The latency to and from GPUs is awful. I've been hacking GPGPU since before CUDA existed (worked with an early beta of CUDA and the GTX 8800). You can do some great throughput-oriented stuff there, but the latency issues meant that GPUs were useless for small-to-medium tasks. It's partly an issue of latency and also an issue of getting 'enough data to make parallelism useful' - we had a pattern matching task that hit peak throughput at about 16K threads which required, of course, a big pile of data.
Things may have improved in terms of latency since then, but we're talking multiple orders of magnitude off (back then) for network processing tasks, much less kernel tasks. And the issue of needing 'big piles of data' to work over isn't going away. This is algorithm-dependent, of course, but lots of data is the easy way to find data-parallelism. :-)
Most of the papers published about GPGPU are either larger data sizes (where GPGPU is a legitimate tactic) or do some really serious handwaving concerning latency (e.g. the GPU routing stuff, 'packetshader'). Just because there are a bunch of people who can get interesting papers out of it doesn't mean it's a good idea.
Perhaps the memory page deduplication candidate detection could run out there. It would be memory bound, but maybe by not ruining the CPU cache it would be a win. (This is important for systems running a bunch of virtual machines.)
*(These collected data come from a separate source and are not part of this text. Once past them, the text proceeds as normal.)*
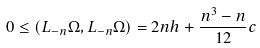Convert formula to latex. <formula><loc_0><loc_0><loc_500><loc_500>0 \leq ( L _ { - n } \Omega , L _ { - n } \Omega ) = 2 n h + \frac { n ^ { 3 } - n } { 1 2 } c</formula> 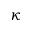Convert formula to latex. <formula><loc_0><loc_0><loc_500><loc_500>\kappa</formula> 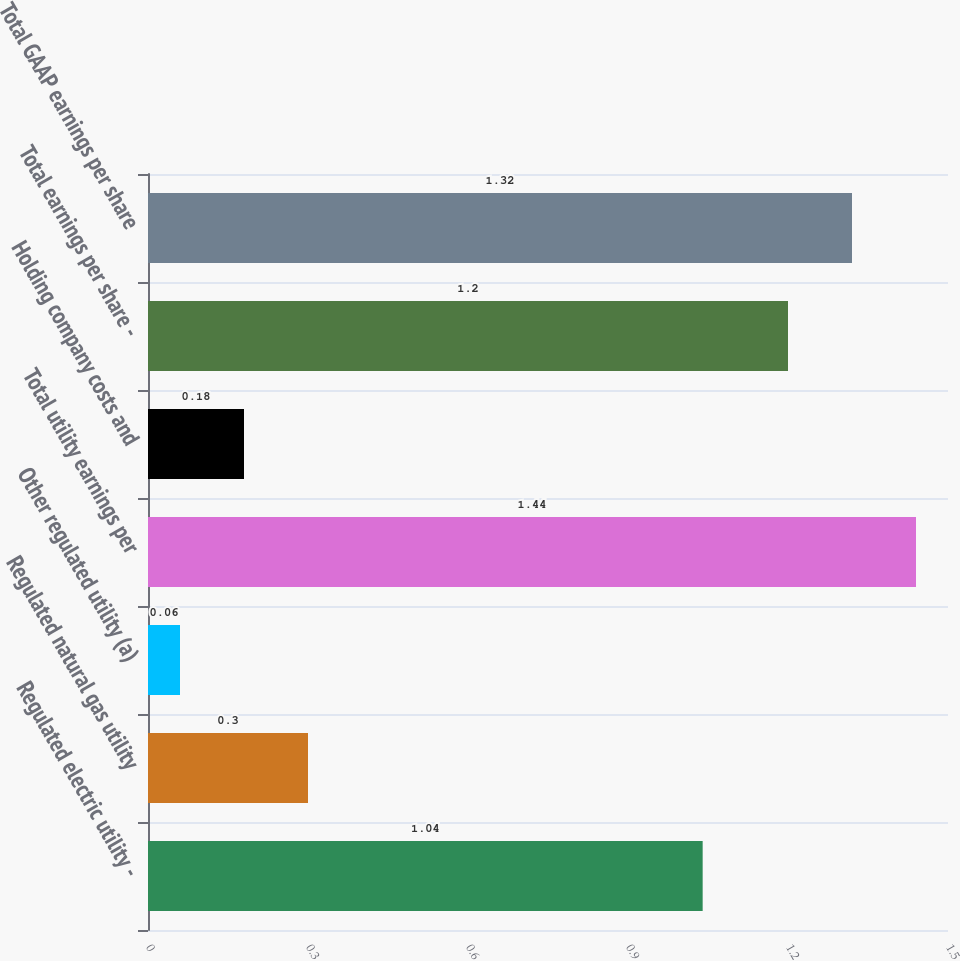Convert chart to OTSL. <chart><loc_0><loc_0><loc_500><loc_500><bar_chart><fcel>Regulated electric utility -<fcel>Regulated natural gas utility<fcel>Other regulated utility (a)<fcel>Total utility earnings per<fcel>Holding company costs and<fcel>Total earnings per share -<fcel>Total GAAP earnings per share<nl><fcel>1.04<fcel>0.3<fcel>0.06<fcel>1.44<fcel>0.18<fcel>1.2<fcel>1.32<nl></chart>

I heard Tsubame, a supercomputer built with NVIDIA GPUs, calculated ECC on its GPU-side memory with GPU code because those GPUs were consumer grade and didn't have hardware ECC.
This was really non-obvious to me.
Being the most compelling 'software router' is sort of like being the 'tallest midget' but even in this domain, I think their alleged advantages over CPU-only are mainly due to carefully massaging the presentation of the data.
Multi touch gestures and handwriting recognition.
Oh, and simple xor? Well, assuming data is in L2 already, Intel i7 can xor 10+ GB/s using just single core, between 3 buffers, aka minimum RAID 5. Fastest RAID adapters can achieve only a fraction of that speed.
Maybe block deduplication could be done this way. If the block is a dupe, skipping its allocation on the disk (it would save at least one block write) could offset a lot of block hash calculations.
Here are some more examples:
There are many, many applications beyond crypto.
Of course, had I learned about how the rendering pipeline for graphics works it would have been obvious, but that only came later.
After that, I've always wondered how feasible it would be to write an OS for regular users (there are CUDA supercomputers, but that isn't very representative of how most people make use of computers) that makes use of the GPU for various computations other than graphics. Hopefully, this project will shed some light in that direction.
So for a proof of concept it makes sense to go with CUDA so you can play with the algorithms and not worry about all the other stuff.
It's interesting, but the applications to this are seriously limited and very specific.
Graphic apps already use the GPU. The OS mostly keeps data structures and calls functions.
I think people often forget to factor in data transfer time. Matrix multiplication is 98x faster on my gpu than on my cpu, but I don't actually break even on real world time until the dimensions are up around 2000 or so.
That's the entire point, that there is no usefulness to this outside of very specific applications.
Regarding security, these days, GPUs have memory isolation and protection. This is how the drivers work: they give a process its own memory-mapped command queue, and only permissions to use part of the GPU memory which they've allocated.
So although it does increase the attack service to GPU+CPU instead of just CPU, it is not a matter of 'simply stuffing everything into the privileged domain'.